It is important to maintain the partition between the datatype and the literal in the case of implicitly typed XML literals (as well as qname typed XML literals in N3, see below). If XML literals were denoted by something other than a legal name 'xml' then it is possible that the delimiting character '/' could be omitted. It is also possible to use some other delimiting character, if another would be considered better.

The character '/' was chosen because it is visually distinct and has a commonly percieved function of delimiting hierarchical scope; and in the case of a typed literal, the literal string portion can be seen as residing within the scope of the datatype.
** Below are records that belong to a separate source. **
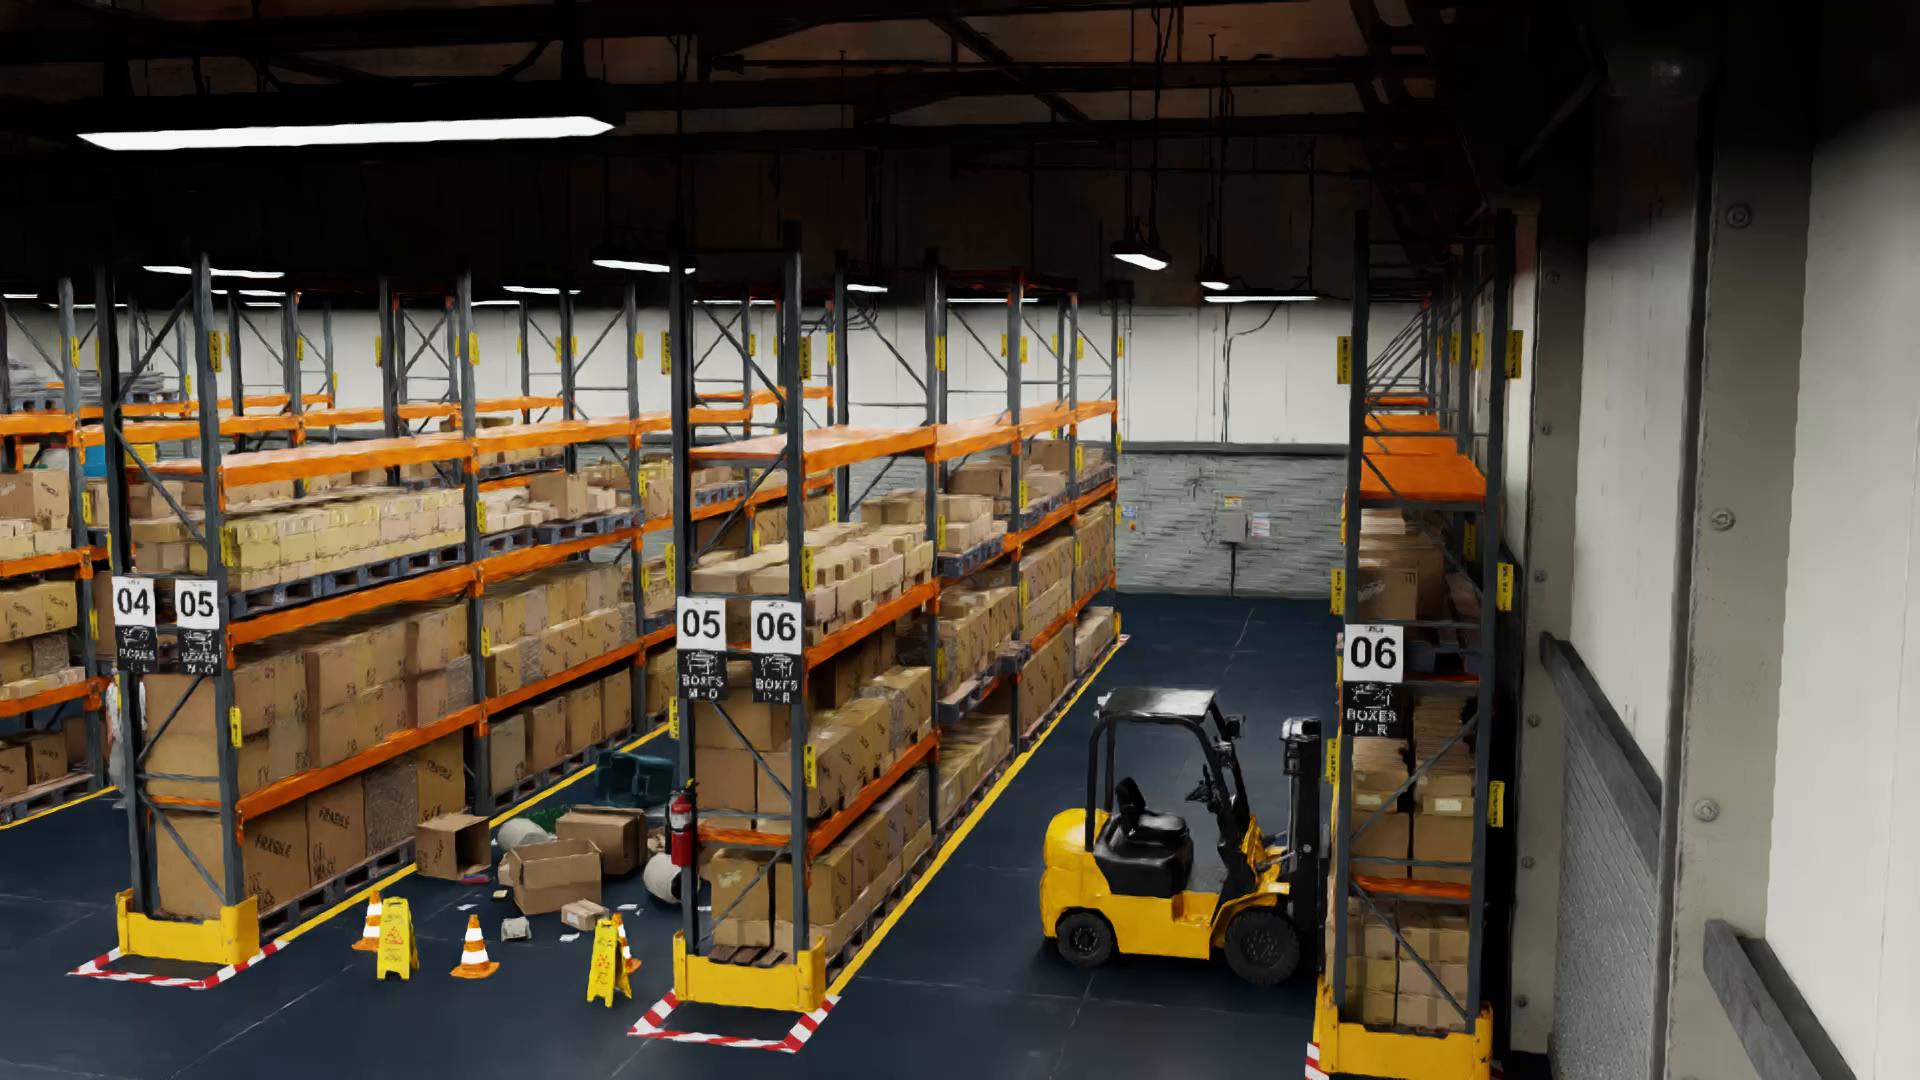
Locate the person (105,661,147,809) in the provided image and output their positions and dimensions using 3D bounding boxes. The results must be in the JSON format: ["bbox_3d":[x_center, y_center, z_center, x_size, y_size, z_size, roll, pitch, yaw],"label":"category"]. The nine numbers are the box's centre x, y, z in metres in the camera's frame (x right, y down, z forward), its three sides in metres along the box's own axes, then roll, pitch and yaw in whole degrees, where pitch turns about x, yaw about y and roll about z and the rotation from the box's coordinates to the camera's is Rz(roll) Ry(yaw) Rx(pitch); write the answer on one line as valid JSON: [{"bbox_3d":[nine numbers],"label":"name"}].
[{"bbox_3d":[-9.002,2.119,18.110,0.682,1.715,0.542,1,7,11],"label":"person"}]

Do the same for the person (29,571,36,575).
[{"bbox_3d":[-19.682,-0.042,35.657,0.567,1.736,1.044,2,7,13],"label":"person"}]

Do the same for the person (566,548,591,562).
[{"bbox_3d":[-8.028,0.059,34.936,0.575,1.689,1.128,1,7,12],"label":"person"}]

As an aside, although the WG is not technically concerned with N3 syntax, for those who care, the above representation for typed literal nodes also works with qnames and therefore would represent a fairly painless evolution path for N3:


   implicitly typed non-XML literal                                  "25"
   implicitly typed non-XML literal with lang                        "25"-en
   qname typed non-XML literal                           xsd:integer/"25"
   qname typed non-XML literal with lang                 xsd:integer/"25"-en

   implicitly typed XML literal                            xml"<xhtml:h1>Foo</xhtml:h1>"
   implicitly typed XML literal with lang                  xml"<xhtml:h1>Foo</xhtml:h1>"-en
   qname typed XML literal                     xhtml:h1/xml"<xhtml:h1>Foo</xhtml:h1>"
   qname typed XML literal with lang           xhtml:h1/xml"<xhtml:h1>Foo</xhtml:h1>"-en

Of course, the maintainers of N3 are free to do as they like regarding the representation of typed literals. This is only a suggestion.

The structure of a literal is transparent with regards to RDF Datatyping and all that is significant is the type and unicode string portions. The parseType bit and xml:lang (if present) are irrelevant to RDF Datatyping and to the meaning of the literal.

This treatment is in-line with XML Schema's views on xml:lang as well, which explicitly forbids datatyped values from being qualified by xml:lang. RDF Datatyping allows it, but ignores it.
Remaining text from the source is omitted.